§ ASSIGNMENT
Your task is to gather the lines below that hold the string "ValueError".

§ THE INPUT
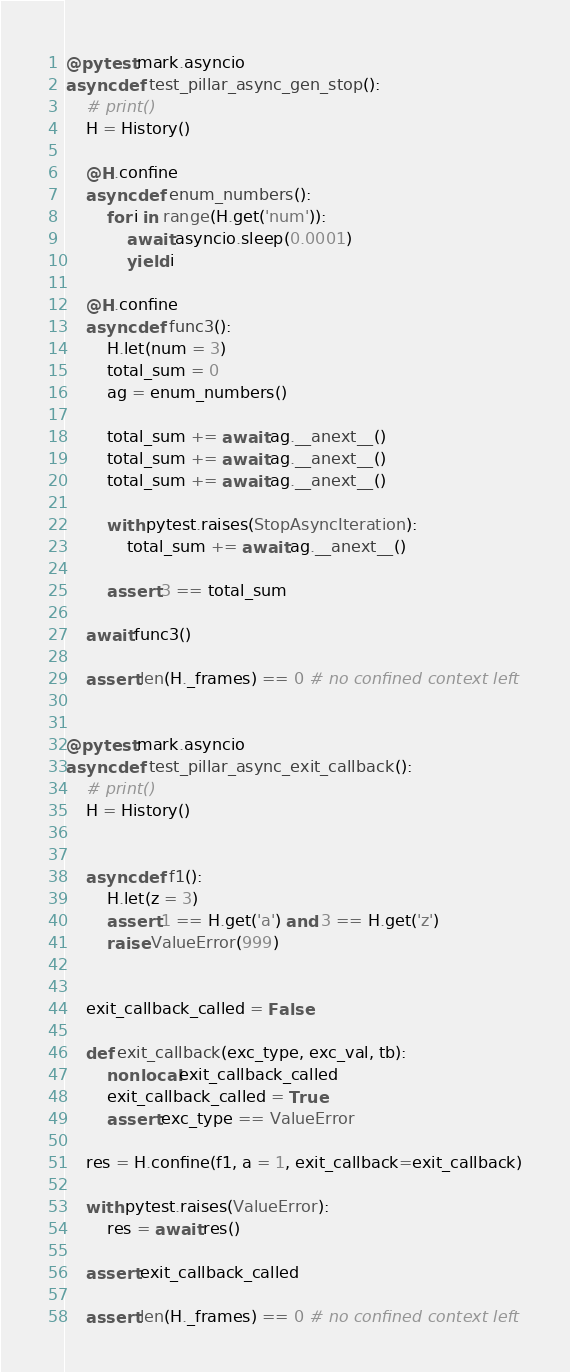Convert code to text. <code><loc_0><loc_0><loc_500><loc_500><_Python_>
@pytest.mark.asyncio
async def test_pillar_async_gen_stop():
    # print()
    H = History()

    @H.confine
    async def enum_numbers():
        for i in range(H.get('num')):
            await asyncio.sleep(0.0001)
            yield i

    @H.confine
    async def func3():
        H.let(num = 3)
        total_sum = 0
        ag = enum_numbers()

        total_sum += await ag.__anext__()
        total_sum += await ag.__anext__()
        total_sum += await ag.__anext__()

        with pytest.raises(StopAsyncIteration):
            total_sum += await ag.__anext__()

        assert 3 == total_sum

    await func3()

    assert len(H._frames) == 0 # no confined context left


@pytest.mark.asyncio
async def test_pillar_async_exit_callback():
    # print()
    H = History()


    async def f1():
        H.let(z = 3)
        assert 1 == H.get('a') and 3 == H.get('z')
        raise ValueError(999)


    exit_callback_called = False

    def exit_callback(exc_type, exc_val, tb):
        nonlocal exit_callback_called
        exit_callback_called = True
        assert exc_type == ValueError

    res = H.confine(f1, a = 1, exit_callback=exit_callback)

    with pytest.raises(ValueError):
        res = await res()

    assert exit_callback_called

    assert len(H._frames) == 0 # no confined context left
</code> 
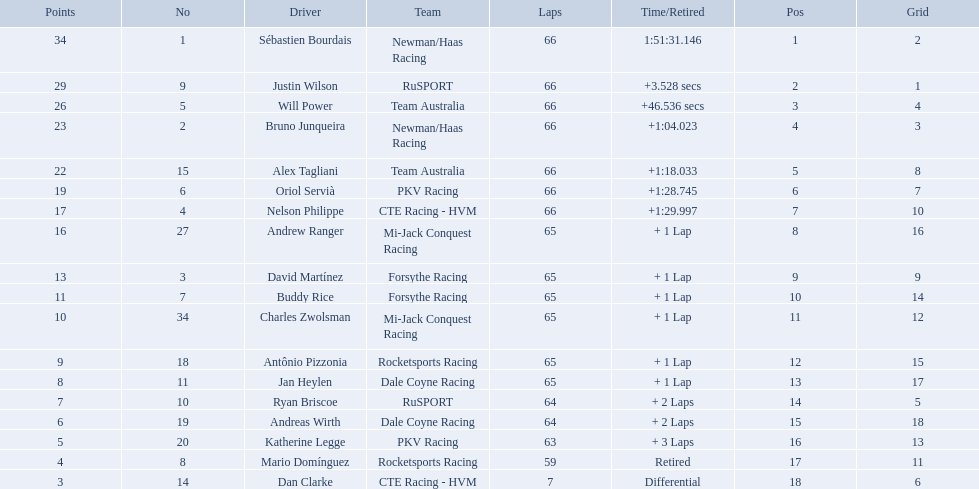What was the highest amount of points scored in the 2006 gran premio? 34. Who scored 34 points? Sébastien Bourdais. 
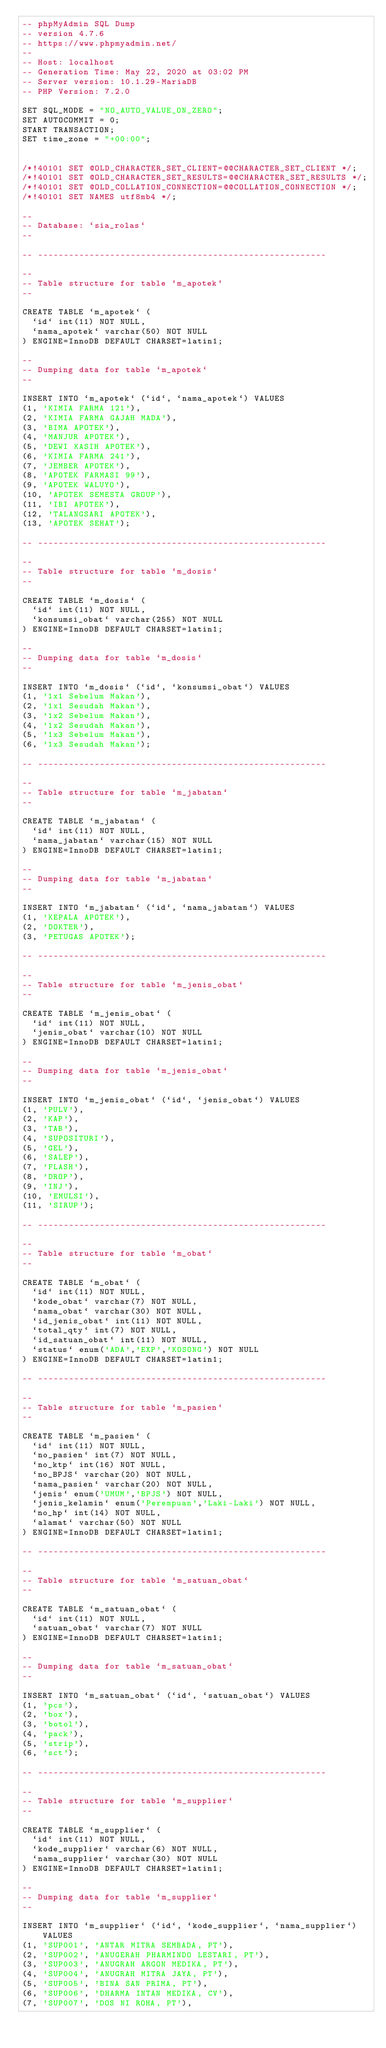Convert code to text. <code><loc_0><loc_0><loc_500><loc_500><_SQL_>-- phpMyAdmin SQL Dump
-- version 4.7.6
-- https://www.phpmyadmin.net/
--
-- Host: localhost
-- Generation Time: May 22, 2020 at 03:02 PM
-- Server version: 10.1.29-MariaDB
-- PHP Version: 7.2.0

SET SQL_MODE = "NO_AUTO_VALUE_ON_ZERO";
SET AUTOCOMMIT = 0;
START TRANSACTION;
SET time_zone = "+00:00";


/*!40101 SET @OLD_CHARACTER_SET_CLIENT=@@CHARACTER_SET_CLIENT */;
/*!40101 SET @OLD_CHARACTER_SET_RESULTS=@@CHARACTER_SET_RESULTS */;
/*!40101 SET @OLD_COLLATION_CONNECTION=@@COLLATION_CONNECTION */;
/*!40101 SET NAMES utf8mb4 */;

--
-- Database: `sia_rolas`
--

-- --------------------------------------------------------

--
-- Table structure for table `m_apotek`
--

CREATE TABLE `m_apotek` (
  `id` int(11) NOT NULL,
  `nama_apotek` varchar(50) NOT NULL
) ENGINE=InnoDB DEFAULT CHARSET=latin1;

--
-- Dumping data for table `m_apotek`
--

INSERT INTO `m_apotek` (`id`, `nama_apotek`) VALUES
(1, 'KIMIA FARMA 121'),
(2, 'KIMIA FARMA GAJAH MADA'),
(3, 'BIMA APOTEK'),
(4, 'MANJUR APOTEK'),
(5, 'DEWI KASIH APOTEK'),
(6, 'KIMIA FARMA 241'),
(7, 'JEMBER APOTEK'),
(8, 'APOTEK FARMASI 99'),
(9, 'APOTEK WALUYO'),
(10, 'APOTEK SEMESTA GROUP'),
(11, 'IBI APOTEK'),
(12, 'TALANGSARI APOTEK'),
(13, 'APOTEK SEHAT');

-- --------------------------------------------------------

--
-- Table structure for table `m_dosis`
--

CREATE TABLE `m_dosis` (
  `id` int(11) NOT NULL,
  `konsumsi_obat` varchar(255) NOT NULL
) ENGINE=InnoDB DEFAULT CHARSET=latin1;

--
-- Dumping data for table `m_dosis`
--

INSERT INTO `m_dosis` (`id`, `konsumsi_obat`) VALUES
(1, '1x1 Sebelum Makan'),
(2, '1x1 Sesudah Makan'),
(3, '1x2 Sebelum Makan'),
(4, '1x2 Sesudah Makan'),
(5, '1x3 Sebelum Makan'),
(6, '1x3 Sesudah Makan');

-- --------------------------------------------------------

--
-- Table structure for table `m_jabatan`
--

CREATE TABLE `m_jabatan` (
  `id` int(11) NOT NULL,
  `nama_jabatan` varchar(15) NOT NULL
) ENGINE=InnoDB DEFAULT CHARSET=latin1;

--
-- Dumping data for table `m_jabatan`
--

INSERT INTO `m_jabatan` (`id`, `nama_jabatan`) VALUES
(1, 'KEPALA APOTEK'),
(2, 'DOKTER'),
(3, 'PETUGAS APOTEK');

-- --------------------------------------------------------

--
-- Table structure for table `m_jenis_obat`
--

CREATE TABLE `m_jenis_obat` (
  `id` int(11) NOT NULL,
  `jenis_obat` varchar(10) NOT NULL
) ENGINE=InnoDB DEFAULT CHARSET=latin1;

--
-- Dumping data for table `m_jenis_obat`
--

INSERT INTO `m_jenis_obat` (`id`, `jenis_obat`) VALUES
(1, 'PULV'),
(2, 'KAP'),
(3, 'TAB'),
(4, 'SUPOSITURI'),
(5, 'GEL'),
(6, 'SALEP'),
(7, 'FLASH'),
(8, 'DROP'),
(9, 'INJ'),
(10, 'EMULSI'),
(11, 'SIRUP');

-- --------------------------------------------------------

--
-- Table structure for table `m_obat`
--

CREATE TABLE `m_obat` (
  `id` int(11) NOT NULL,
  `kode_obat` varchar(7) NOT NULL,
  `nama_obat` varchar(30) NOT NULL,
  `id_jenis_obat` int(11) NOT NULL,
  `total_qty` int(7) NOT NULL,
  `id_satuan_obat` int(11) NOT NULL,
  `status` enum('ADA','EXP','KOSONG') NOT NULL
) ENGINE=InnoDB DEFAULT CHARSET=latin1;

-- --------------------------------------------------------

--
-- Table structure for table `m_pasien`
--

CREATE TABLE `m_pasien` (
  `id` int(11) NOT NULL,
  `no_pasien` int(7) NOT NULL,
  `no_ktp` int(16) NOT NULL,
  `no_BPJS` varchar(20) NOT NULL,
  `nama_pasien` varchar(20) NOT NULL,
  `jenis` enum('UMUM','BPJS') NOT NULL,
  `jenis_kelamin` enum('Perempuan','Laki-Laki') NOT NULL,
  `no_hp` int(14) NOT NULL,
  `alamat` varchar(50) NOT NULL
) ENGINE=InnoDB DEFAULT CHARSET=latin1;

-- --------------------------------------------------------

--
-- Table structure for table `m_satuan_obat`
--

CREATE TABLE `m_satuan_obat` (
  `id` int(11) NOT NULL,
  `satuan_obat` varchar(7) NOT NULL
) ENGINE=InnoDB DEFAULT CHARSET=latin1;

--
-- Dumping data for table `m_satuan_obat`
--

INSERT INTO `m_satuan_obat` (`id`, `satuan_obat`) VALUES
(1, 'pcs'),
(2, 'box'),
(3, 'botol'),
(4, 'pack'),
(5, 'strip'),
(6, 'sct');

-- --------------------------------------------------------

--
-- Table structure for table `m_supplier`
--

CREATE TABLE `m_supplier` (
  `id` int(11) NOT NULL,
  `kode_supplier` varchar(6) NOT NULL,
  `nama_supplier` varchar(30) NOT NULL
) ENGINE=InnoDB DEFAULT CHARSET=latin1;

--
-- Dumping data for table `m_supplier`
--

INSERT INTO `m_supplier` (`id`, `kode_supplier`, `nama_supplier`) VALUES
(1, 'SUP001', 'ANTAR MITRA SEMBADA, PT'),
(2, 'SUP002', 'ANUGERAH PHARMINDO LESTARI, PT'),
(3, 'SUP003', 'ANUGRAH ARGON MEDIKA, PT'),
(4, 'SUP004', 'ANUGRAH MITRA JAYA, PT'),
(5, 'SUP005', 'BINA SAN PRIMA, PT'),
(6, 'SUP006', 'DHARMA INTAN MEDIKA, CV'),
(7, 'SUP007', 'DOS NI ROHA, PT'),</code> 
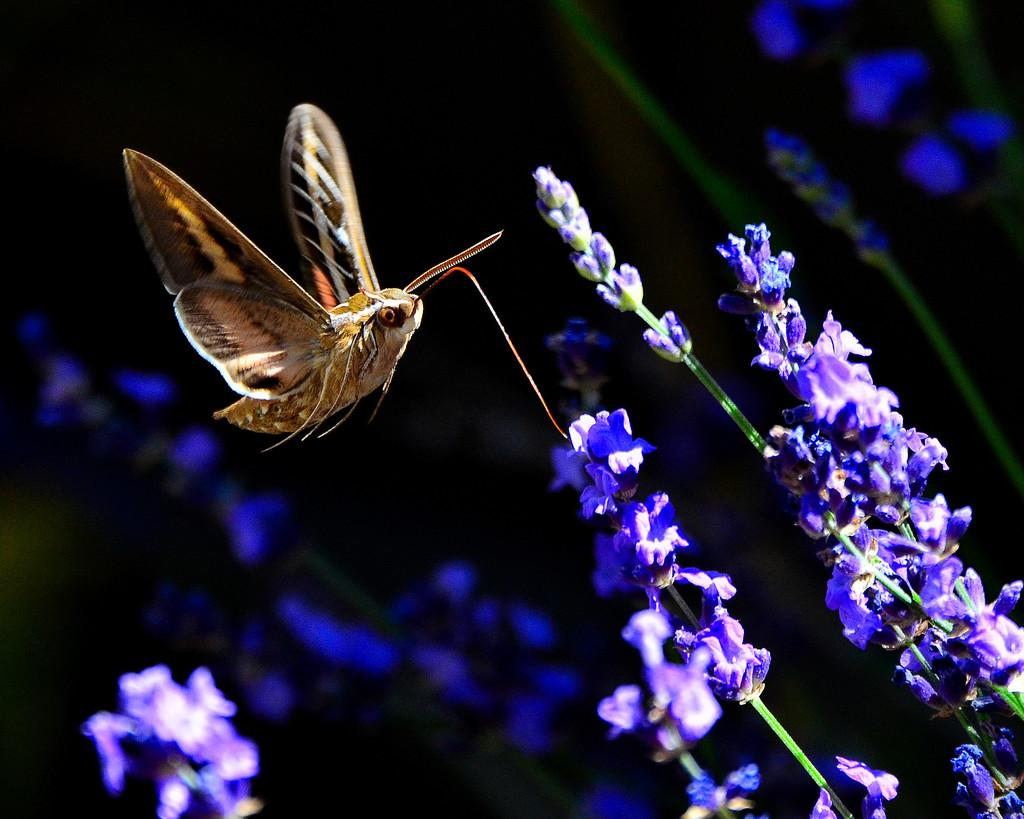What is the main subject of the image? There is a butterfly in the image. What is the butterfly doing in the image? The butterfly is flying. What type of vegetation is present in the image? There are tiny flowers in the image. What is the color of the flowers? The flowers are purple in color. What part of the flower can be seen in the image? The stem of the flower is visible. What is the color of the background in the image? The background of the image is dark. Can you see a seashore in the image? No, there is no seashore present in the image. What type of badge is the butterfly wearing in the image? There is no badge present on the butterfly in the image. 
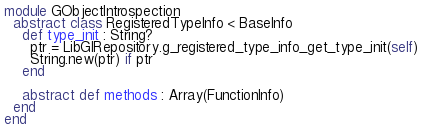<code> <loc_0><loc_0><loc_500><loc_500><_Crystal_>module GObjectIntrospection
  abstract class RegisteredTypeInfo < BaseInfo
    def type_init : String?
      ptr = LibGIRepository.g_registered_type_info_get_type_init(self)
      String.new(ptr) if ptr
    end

§ RESULT OF THE EXERCISE
        raise ValueError(999)
        assert exc_type == ValueError
    with pytest.raises(ValueError):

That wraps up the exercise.